_ACTIVITY_: From the listing below, extract every line in which the word "degrees" appears.

_INPUT FOR THIS TASK_:

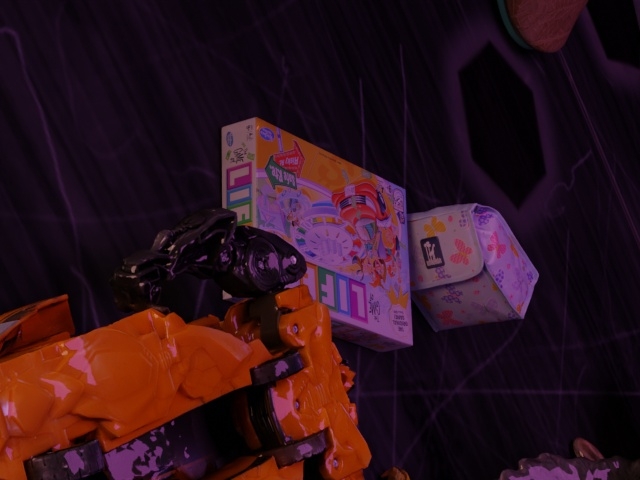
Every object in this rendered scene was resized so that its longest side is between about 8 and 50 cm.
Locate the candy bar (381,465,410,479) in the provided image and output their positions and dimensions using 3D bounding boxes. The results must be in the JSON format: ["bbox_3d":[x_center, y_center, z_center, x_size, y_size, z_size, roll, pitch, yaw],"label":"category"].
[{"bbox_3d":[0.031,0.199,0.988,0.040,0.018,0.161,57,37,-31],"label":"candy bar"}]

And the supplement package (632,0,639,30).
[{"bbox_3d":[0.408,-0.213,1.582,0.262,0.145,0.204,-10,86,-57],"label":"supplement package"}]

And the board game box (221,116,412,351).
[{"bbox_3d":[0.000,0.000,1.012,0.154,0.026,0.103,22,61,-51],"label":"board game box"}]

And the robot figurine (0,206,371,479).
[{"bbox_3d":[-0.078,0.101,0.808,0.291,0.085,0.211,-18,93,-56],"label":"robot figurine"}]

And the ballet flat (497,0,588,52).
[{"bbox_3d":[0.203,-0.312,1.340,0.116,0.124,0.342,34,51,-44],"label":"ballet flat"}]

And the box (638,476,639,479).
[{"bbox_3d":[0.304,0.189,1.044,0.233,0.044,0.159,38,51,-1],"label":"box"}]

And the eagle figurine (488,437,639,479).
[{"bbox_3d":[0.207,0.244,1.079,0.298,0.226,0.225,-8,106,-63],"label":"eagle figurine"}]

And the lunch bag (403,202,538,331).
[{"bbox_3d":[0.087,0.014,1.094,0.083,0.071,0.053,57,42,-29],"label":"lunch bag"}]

==

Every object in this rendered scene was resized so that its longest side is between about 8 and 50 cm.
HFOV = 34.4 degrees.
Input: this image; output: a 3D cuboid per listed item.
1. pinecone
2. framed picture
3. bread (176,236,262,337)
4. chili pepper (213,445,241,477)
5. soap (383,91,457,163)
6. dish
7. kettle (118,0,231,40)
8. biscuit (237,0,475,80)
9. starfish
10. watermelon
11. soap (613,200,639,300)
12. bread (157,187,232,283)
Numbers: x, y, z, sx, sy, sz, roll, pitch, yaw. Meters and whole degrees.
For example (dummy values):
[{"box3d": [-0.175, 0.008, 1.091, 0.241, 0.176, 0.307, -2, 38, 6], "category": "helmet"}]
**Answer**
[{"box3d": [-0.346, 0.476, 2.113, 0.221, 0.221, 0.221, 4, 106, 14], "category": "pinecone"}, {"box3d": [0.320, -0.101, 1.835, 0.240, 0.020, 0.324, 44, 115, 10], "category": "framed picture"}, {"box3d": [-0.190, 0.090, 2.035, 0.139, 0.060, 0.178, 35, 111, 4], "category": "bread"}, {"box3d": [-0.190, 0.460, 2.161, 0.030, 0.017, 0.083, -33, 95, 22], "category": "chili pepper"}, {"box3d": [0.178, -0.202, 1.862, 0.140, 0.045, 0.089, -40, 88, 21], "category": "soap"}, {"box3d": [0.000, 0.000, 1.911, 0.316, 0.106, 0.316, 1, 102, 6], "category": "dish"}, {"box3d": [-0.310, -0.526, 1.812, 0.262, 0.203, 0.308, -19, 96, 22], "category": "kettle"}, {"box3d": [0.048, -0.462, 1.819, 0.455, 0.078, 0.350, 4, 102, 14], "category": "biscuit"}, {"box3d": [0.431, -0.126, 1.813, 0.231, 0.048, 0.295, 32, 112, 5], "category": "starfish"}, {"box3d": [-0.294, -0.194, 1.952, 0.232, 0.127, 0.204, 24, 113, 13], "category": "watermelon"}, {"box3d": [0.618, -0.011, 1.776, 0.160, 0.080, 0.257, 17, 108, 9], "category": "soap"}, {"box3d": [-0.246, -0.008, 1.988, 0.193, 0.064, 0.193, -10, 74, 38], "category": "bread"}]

_ANSWER TO THIS PROBLEM_:
HFOV = 34.4 degrees.
Numbers: x, y, z, sx, sy, sz, roll, pitch, yaw. Meters and whole degrees.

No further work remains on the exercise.